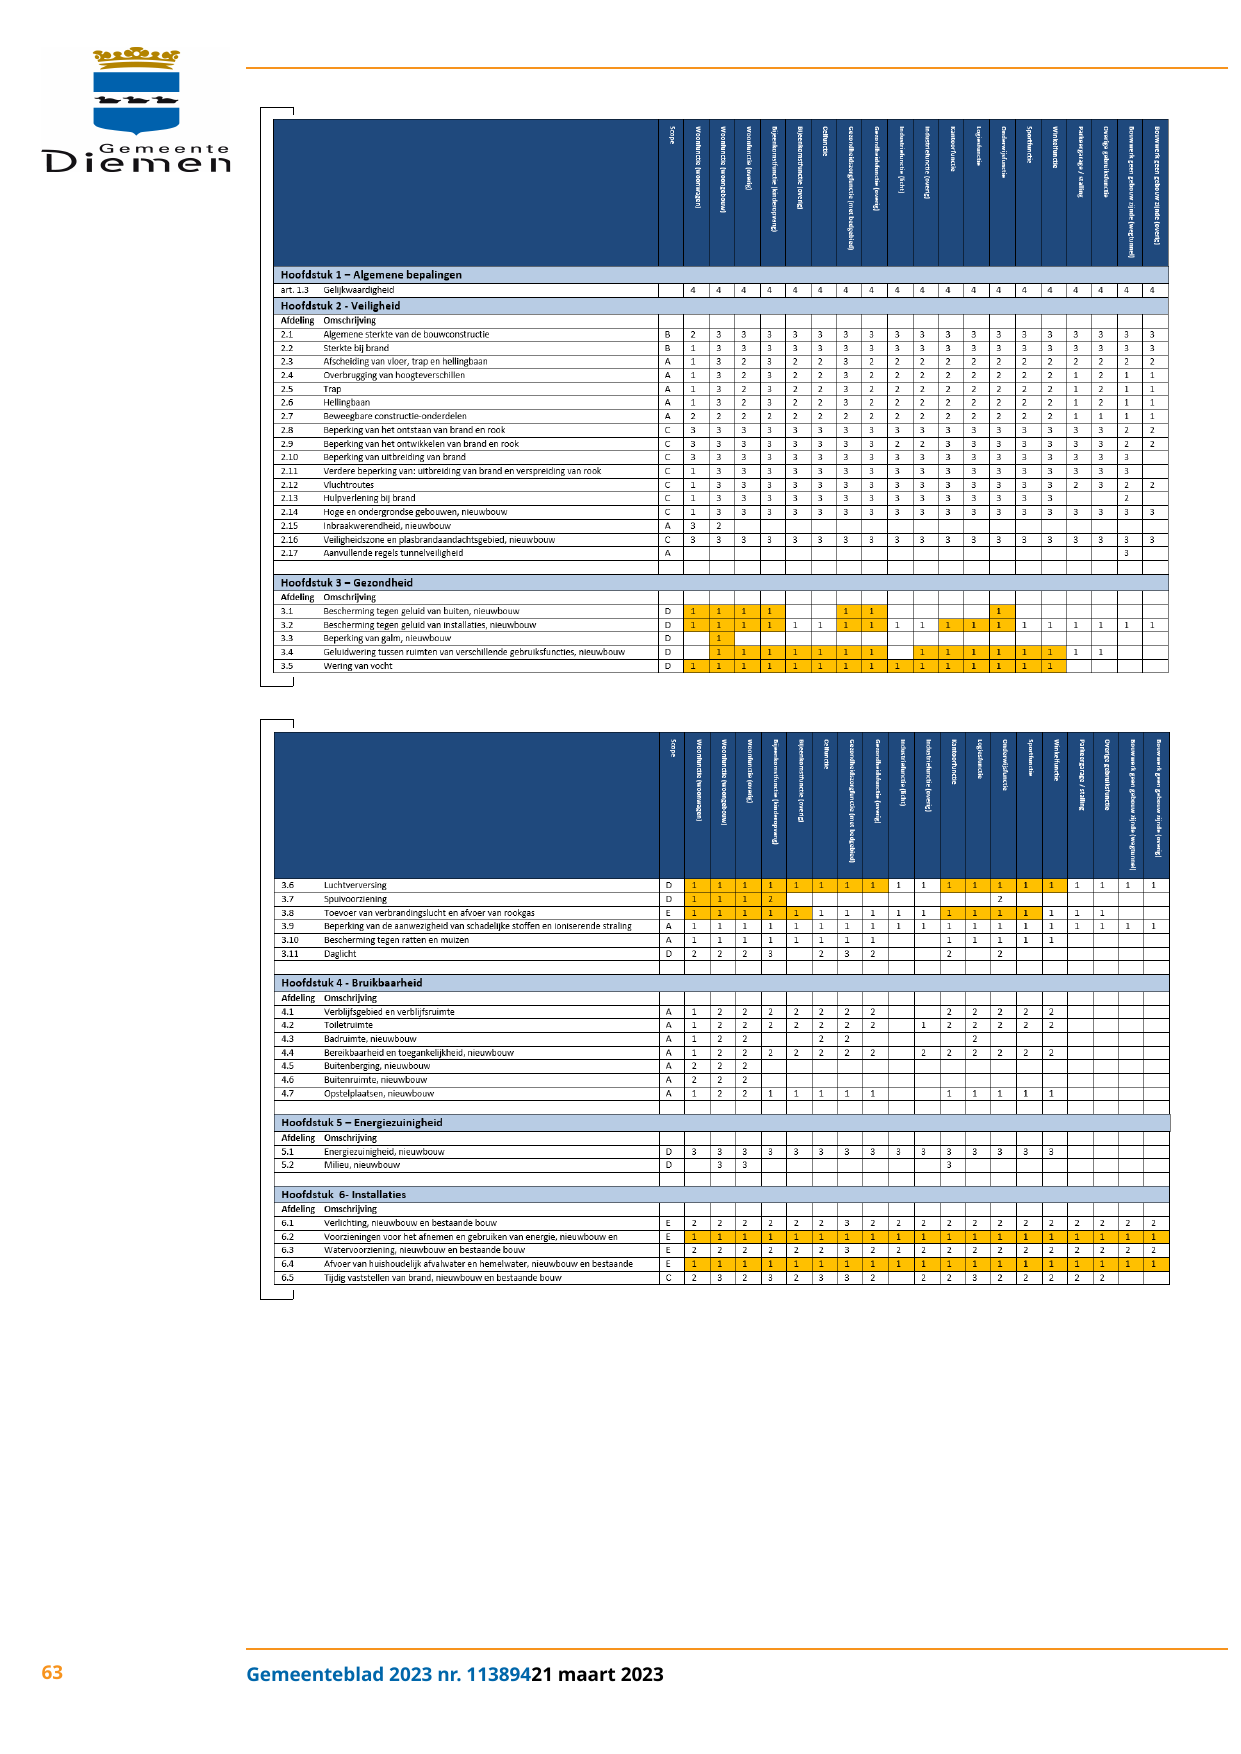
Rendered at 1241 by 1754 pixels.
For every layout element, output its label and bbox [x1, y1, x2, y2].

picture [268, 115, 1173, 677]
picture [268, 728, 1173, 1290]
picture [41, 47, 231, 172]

> [Required work]: Each line above is to be copied verbatim. Drop any image from the copy.

> [Task response]:
Rendered at 1241 by 1754 pixels.
For every layout element, output its label and bbox [x1, y1, x2, y2].

picture [268, 115, 1173, 677]
picture [268, 728, 1173, 1290]
picture [41, 47, 231, 172]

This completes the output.